> _TASK OBJECTIVE_
Using the listing below, copy every line that mentions "slewing".

> _THE INPUT_
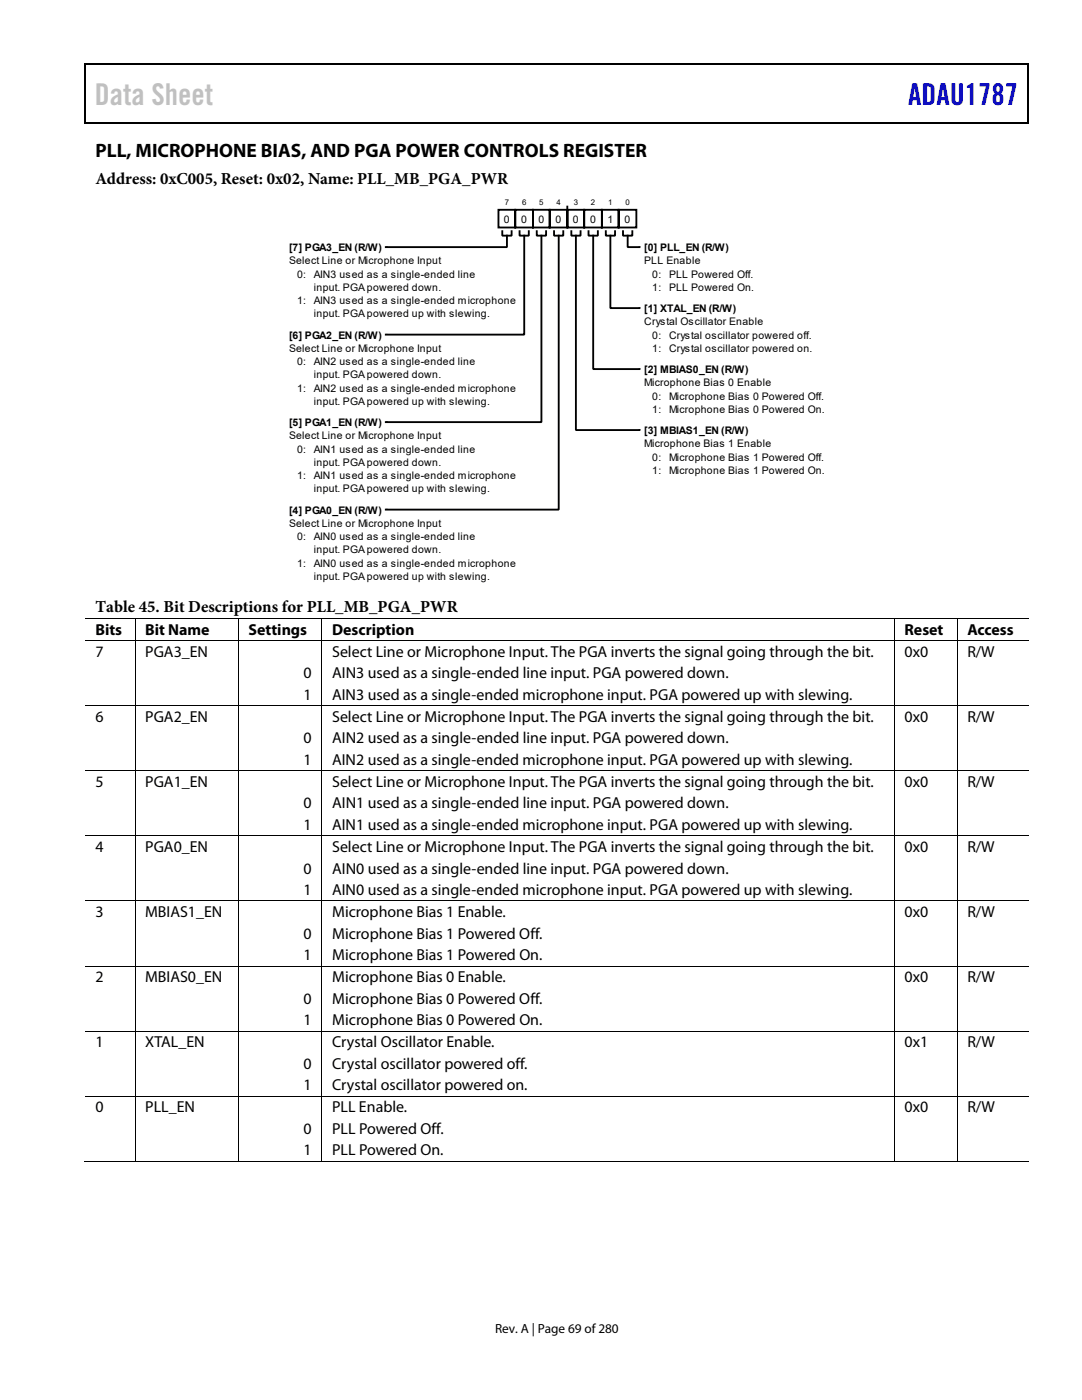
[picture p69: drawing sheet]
<svg xmlns="http://www.w3.org/2000/svg" width="216mm" height="279mm" viewBox="0 0 216 279" stroke-linecap="round" stroke-linejoin="round" font-family="sans-serif">
<defs><g id="words">
<text font-size="6" fill="#c0c0c0" x="18.9" y="21">Data Sheet</text>
<text font-size="6" fill="#00f" x="181.2" y="21">ADAU1787</text>
<text font-size="3.9" x="19" y="31.3">PLL, MICROPHONE BIAS, AND PGA POWER CONTROLS REGISTER</text>
<g font-size="3.3">
<text x="19" y="36.8">Address: 0xC005, Reset: 0x02, Name: PLL_MB_PGA_PWR</text>
<text x="19" y="122.2">Table 45. Bit Descriptions for PLL_MB_PGA_PWR</text>
</g>
<g font-size="3.2">
<text x="19" y="126.7">Bits</text>
<text x="19" y="131.1">7</text>
<text x="29" y="131.1">PGA3_EN</text>
<text x="29" y="126.7">Bit Name</text>
<text x="49.6" y="126.7">Settings</text>
<text x="66.3" y="131.1">Select Line or Microphone Input. The PGA inverts the signal going through the bit.</text>
<text x="66.3" y="126.7">Description</text>
<text x="180.5" y="126.7">Reset</text>
<text x="180.5" y="131.1">0x0</text>
<text x="193" y="126.7">Access</text>
<text x="193" y="131.1">R/W</text>
<text x="60.6" y="135.4">0</text>
<text x="66.3" y="135.4">AIN3 used as a single-ended line input. PGA powered down.</text>
<text x="60.6" y="139.7">1</text>
<text x="66.3" y="139.7">AIN3 used as a single-ended microphone input. PGA powered up with slewing.</text>
<text x="19" y="144.1">6</text>
<text x="29" y="144.1">PGA2_EN</text>
<text x="60.6" y="148.4">0</text>
<text x="66.3" y="144.1">Select Line or Microphone Input. The PGA inverts the signal going through the bit.</text>
<text x="66.3" y="148.4">AIN2 used as a single-ended line input. PGA powered down.</text>
<text x="180.5" y="144.1">0x0</text>
<text x="193" y="144.1">R/W</text>
<text x="60.6" y="152.7">1</text>
<text x="66.3" y="152.7">AIN2 used as a single-ended microphone input. PGA powered up with slewing.</text>
<text x="19" y="157">5</text>
<text x="29" y="157">PGA1_EN</text>
<text x="60.6" y="161.3">0</text>
<text x="66.3" y="157">Select Line or Microphone Input. The PGA inverts the signal going through the bit.</text>
<text x="66.3" y="161.3">AIN1 used as a single-ended line input. PGA powered down.</text>
<text x="180.5" y="157">0x0</text>
<text x="193" y="157">R/W</text>
<text x="60.6" y="165.6">1</text>
<text x="66.3" y="165.6">AIN1 used as a single-ended microphone input. PGA powered up with slewing.</text>
<text x="19" y="170">4</text>
<text x="29" y="170">PGA0_EN</text>
<text x="66.3" y="170">Select Line or Microphone Input. The PGA inverts the signal going through the bit.</text>
<text x="180.5" y="170">0x0</text>
<text x="193" y="170">R/W</text>
<text x="60.6" y="174.3">0</text>
<text x="60.6" y="178.6">1</text>
<text x="66.3" y="178.6">AIN0 used as a single-ended microphone input. PGA powered up with slewing.</text>
<text x="66.3" y="174.3">AIN0 used as a single-ended line input. PGA powered down.</text>
<text x="19" y="183">3</text>
<text x="29" y="183">MBIAS1_EN</text>
<text x="66.3" y="183">Microphone Bias 1 Enable.</text>
<text x="180.5" y="183">0x0</text>
<text x="193" y="183">R/W</text>
<text x="60.6" y="187.3">0</text>
<text x="60.6" y="191.6">1</text>
<text x="66.3" y="187.3">Microphone Bias 1 Powered Off.</text>
<text x="66.3" y="191.6">Microphone Bias 1 Powered On.</text>
<text x="19" y="196">2</text>
<text x="29" y="196">MBIAS0_EN</text>
<text x="66.3" y="196">Microphone Bias 0 Enable.</text>
<text x="180.5" y="196">0x0</text>
<text x="193" y="196">R/W</text>
<text x="60.6" y="200.3">0</text>
<text x="66.3" y="200.3">Microphone Bias 0 Powered Off.</text>
<text x="19" y="209">1</text>
<text x="29" y="209">XTAL_EN</text>
<text x="60.6" y="204.6">1</text>
<text x="66.3" y="209">Crystal Oscillator Enable.</text>
<text x="66.3" y="204.6">Microphone Bias 0 Powered On.</text>
<text x="180.5" y="209">0x1</text>
<text x="193" y="209">R/W</text>
<text x="60.6" y="213.3">0</text>
<text x="66.3" y="213.3">Crystal oscillator powered off.</text>
<text x="19" y="221.9">0</text>
<text x="29" y="221.9">PLL_EN</text>
<text x="60.6" y="217.6">1</text>
<text x="66.3" y="221.9">PLL Enable.</text>
<text x="66.3" y="217.6">Crystal oscillator powered on.</text>
<text x="180.5" y="221.9">0x0</text>
<text x="193" y="221.9">R/W</text>
<text x="60.6" y="226.2">0</text>
<text x="66.3" y="226.2">PLL Powered Off.</text>
<text x="60.6" y="230.5">1</text>
<text x="66.3" y="230.5">PLL Powered On.</text>
</g>
<text font-size="2.6" x="98.8" y="266">Rev. A | Page 69 of 280</text>
<g font-size="2.1">
<text x="100.5" y="44.4">0</text>
<text x="104" y="44.4">0</text>
<text x="107.4" y="44.4">0</text>
<text x="110.9" y="44.4">0</text>
<text x="114.3" y="44.4">0</text>
<text x="117.8" y="44.4">0</text>
<text x="121.2" y="44.4">1</text>
<text x="124.6" y="44.4">0</text>
<text x="57.7" y="52.8">Select Line or Microphone Input</text>
<text x="57.7" y="50.1">[7] PGA3_EN (R/W)</text>
<text x="128.6" y="50.1">[0] PLL_EN (R/W)</text>
<text x="128.6" y="52.8">PLL Enable</text>
<text x="59.3" y="55.4">0:</text>
<text x="62.6" y="58.1">input. PGA powered down.</text>
<text x="62.6" y="55.4">AIN3 used as a single-ended line</text>
<text x="130.2" y="58.1">1:</text>
<text x="130.2" y="55.4">0:</text>
<text x="133.5" y="58.1">PLL Powered On.</text>
<text x="133.5" y="55.4">PLL Powered Off.</text>
<text x="59.3" y="60.7">1:</text>
<text x="62.6" y="63.4">input. PGA powered up with slewing.</text>
<text x="62.6" y="60.7">AIN3 used as a single-ended microphone</text>
<text x="128.6" y="64.9">Crystal Oscillator Enable</text>
<text x="128.6" y="62.3">[1] XTAL_EN (R/W)</text>
<text x="57.7" y="70.2">Select Line or Microphone Input</text>
<text x="57.7" y="67.6">[6] PGA2_EN (R/W)</text>
<text x="130.2" y="70.2">1:</text>
<text x="130.2" y="67.6">0:</text>
<text x="133.5" y="70.2">Crystal oscillator powered on.</text>
<text x="133.5" y="67.6">Crystal oscillator powered off.</text>
<text x="59.3" y="72.9">0:</text>
<text x="62.6" y="75.5">input. PGA powered down.</text>
<text x="62.6" y="72.9">AIN2 used as a single-ended line</text>
<text x="128.6" y="77.1">Microphone Bias 0 Enable</text>
<text x="128.6" y="74.5">[2] MBIAS0_EN (R/W)</text>
<text x="59.3" y="78.2">1:</text>
<text x="62.6" y="80.8">input. PGA powered up with slewing.</text>
<text x="62.6" y="78.2">AIN2 used as a single-ended microphone</text>
<text x="130.2" y="82.4">1:</text>
<text x="130.2" y="79.8">0:</text>
<text x="133.5" y="82.4">Microphone Bias 0 Powered On.</text>
<text x="133.5" y="79.8">Microphone Bias 0 Powered Off.</text>
<text x="57.7" y="87.7">Select Line or Microphone Input</text>
<text x="57.7" y="85">[5] PGA1_EN (R/W)</text>
<text x="128.6" y="89.3">Microphone Bias 1 Enable</text>
<text x="128.6" y="86.6">[3] MBIAS1_EN (R/W)</text>
<text x="59.3" y="95.6">1:</text>
<text x="59.3" y="90.3">0:</text>
<text x="62.6" y="95.6">AIN1 used as a single-ended microphone</text>
<text x="62.6" y="93">input. PGA powered down.</text>
<text x="62.6" y="90.3">AIN1 used as a single-ended line</text>
<text x="130.2" y="94.6">1:</text>
<text x="130.2" y="91.9">0:</text>
<text x="133.5" y="94.6">Microphone Bias 1 Powered On.</text>
<text x="133.5" y="91.9">Microphone Bias 1 Powered Off.</text>
<text x="62.6" y="98.3">input. PGA powered up with slewing.</text>
<text x="57.7" y="105.2">Select Line or Microphone Input</text>
<text x="57.7" y="102.5">[4] PGA0_EN (R/W)</text>
<text x="59.3" y="107.8">0:</text>
<text x="62.6" y="107.8">AIN0 used as a single-ended line</text>
<text x="59.3" y="113.1">1:</text>
<text x="62.6" y="113.1">AIN0 used as a single-ended microphone</text>
<text x="62.6" y="110.4">input. PGA powered down.</text>
<text x="62.6" y="115.7">input. PGA powered up with slewing.</text>
</g>
<g font-size="1.6">
<text x="100.7" y="41">7</text>
<text x="104.2" y="41">6</text>
<text x="107.6" y="41">5</text>
<text x="111" y="41">4</text>
<text x="114.5" y="41">3</text>
<text x="117.9" y="41">2</text>
<text x="121.4" y="41">1</text>
<text x="124.8" y="41">0</text>
</g>
</g></defs>
<path d="M16.9 12.7h.2v1h-.2zM205.1 12.7h.2v1h-.2zM205.1 12.7h.2v.3h-.2zM82.3 24.4h.2v.3h-.2zM205.1 24.4h.2v.3h-.2z" fill="#000"/>
<path d="M16.9 12.8h188.2M17 13.7v11M205.2 13.7v11M205.1 24.5h-188.2" fill="none" stroke="#000" stroke-width=".25"/>
<g fill="none" stroke="#000" stroke-width=".37">
<path d="M99.5 41.9h3.3v3.5h-3.3zM100.2 46.1v.9h1.9v-.9M101.2 47v2.3h-24.2M102.8 41.9h3.5v3.5h-3.5zM103.7 46.1v.9h1.8v-.9M104.6 47v19.8h-27.6M106.3 41.9h3.4v3.5h-3.4zM107.1 46.1v.9h1.9v-.9M108 47v37.2h-31M109.7 41.9h3.5v3.5h-3.5zM110.6 46.1v.9h1.8v-.9M111.5 47v54.7h-34.5"/>
<path d="M113.2 41.2v.7M113.2 41.9h3.4v3.5h-3.4zM114 46.1v.9h1.8v-.9M114.9 47v38.8h12.7M116.6 41.9h3.5v3.5h-3.5zM117.4 46.1v.9h1.9v-.9M118.4 47v26.7h9.2M120.1 41.9h3.3v3.5h-3.3zM120.9 46.1v.9h1.8v-.9M121.8 47v14.5h5.8M123.4 41.9h3.6v3.5h-3.6zM124.3 46.1v.9h1.9v-.9"/>
<path d="M125.2 47v2.3h2.4"/>
</g>
<g fill="none" stroke="#000" stroke-width=".2">
<path d="M77.1 49.3h.1M127.5 49.3h.1M77.1 66.7h.1M127.5 61.4h.1M127.5 73.6h.1M77.1 84.2h.1M127.5 85.8h.1M77.1 101.6h.1M17 123.4h188.2M17 127.9h188.2M26.9 123.5v4.3M26.9 127.9v12.9"/>
<path d="M47.6 123.5v4.3M47.6 127.9v12.9M64.2 123.5v4.3M64.2 127.9v12.9M178.5 123.5v4.3M178.5 127.9v12.9M191 123.5v4.3M191 127.9v12.9M17 140.9h188.2M17 153.8h188.2M26.9 140.9v12.9M26.9 153.9v12.9"/>
<path d="M47.6 140.9v12.9M47.6 153.9v12.9M64.2 140.9v12.9M64.2 153.9v12.9M178.5 140.9v12.9M178.5 153.9v12.9M191 140.9v12.9M191 153.9v12.9M17 166.8h188.2M17 179.8h188.2M26.9 166.9v12.8M26.9 179.8v12.9"/>
<path d="M47.6 166.9v12.8M47.6 179.8v12.9M64.2 166.9v12.8M64.2 179.8v12.9M178.5 166.9v12.8M178.5 179.8v12.9M191 166.9v12.8M191 179.8v12.9M17 192.8h188.2M26.9 192.8v12.9M47.6 192.8v12.9M64.2 192.8v12.9"/>
<path d="M178.5 192.8v12.9M191 192.8v12.9M17 205.8h188.2M17 218.7h188.2M26.9 205.8v12.9M26.9 218.8v13M47.6 205.8v12.9M47.6 218.8v13M64.2 205.8v12.9M64.2 218.8v13M178.5 205.8v12.9M178.5 218.8v13"/>
<path d="M191 205.8v12.9M191 218.8v13M16.8 231.7h10.1M27 231.7h20.5M47.6 231.7h16.6M64.3 231.7h114.1M178.5 231.7h12.4M191 231.7h14.2"/>
</g>
<use href="#words"/>
</svg>

> _SOLVED EXERCISE_
<text x="66.3" y="139.7">AIN3 used as a single-ended microphone input. PGA powered up with slewing.</text>
<text x="66.3" y="152.7">AIN2 used as a single-ended microphone input. PGA powered up with slewing.</text>
<text x="66.3" y="165.6">AIN1 used as a single-ended microphone input. PGA powered up with slewing.</text>
<text x="66.3" y="178.6">AIN0 used as a single-ended microphone input. PGA powered up with slewing.</text>
<text x="62.6" y="63.4">input. PGA powered up with slewing.</text>
<text x="62.6" y="80.8">input. PGA powered up with slewing.</text>
<text x="62.6" y="98.3">input. PGA powered up with slewing.</text>
<text x="62.6" y="115.7">input. PGA powered up with slewing.</text>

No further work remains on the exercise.